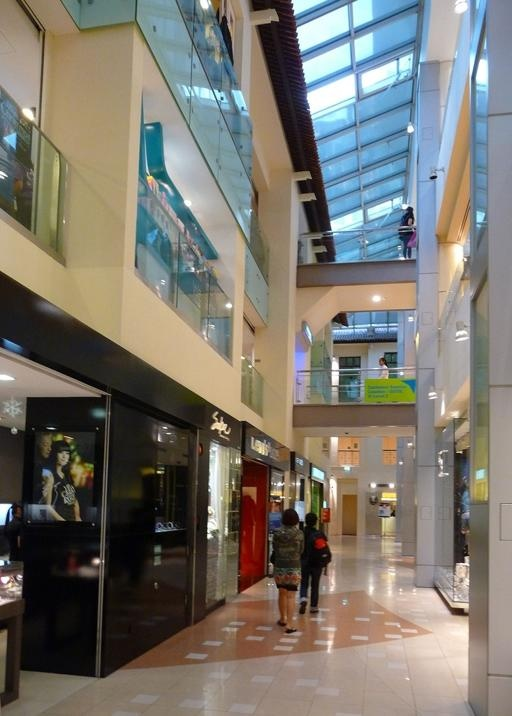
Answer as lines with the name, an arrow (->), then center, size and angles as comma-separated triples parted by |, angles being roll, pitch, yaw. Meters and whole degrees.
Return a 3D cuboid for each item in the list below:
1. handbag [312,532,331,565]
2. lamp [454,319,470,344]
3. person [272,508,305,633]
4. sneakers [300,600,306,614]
handbag -> 0.928, 2.606, 7.550 | 0.239, 0.467, 0.408 | -7, -14, 30
lamp -> 2.492, -0.329, 6.730 | 0.121, 0.292, 0.731 | -4, -14, 17
person -> 0.357, 2.374, 6.248 | 0.373, 1.300, 0.705 | -1, -12, 4
sneakers -> 0.625, 3.254, 7.227 | 0.046, 0.179, 0.107 | 2, -7, -8
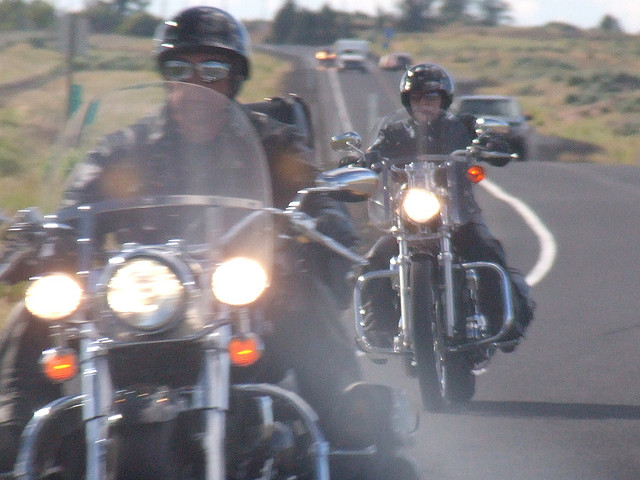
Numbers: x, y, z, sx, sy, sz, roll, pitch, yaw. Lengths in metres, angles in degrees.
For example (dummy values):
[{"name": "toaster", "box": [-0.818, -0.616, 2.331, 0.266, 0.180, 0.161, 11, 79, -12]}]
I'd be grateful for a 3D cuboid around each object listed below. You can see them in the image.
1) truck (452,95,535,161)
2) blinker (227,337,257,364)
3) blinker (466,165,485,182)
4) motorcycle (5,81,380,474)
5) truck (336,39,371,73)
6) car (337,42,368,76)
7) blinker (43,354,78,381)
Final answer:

◇ ◇ ◇ ◇

- **Exercise instructions**
Take the line containing "For example (dummy" as the start and the last line of the data as the end, and reproduce that range exactly.

- **Answer below**
For example (dummy values):
[{"name": "toaster", "box": [-0.818, -0.616, 2.331, 0.266, 0.180, 0.161, 11, 79, -12]}]
I'd be grateful for a 3D cuboid around each object listed below. You can see them in the image.
1) truck (452,95,535,161)
2) blinker (227,337,257,364)
3) blinker (466,165,485,182)
4) motorcycle (5,81,380,474)
5) truck (336,39,371,73)
6) car (337,42,368,76)
7) blinker (43,354,78,381)
Final answer:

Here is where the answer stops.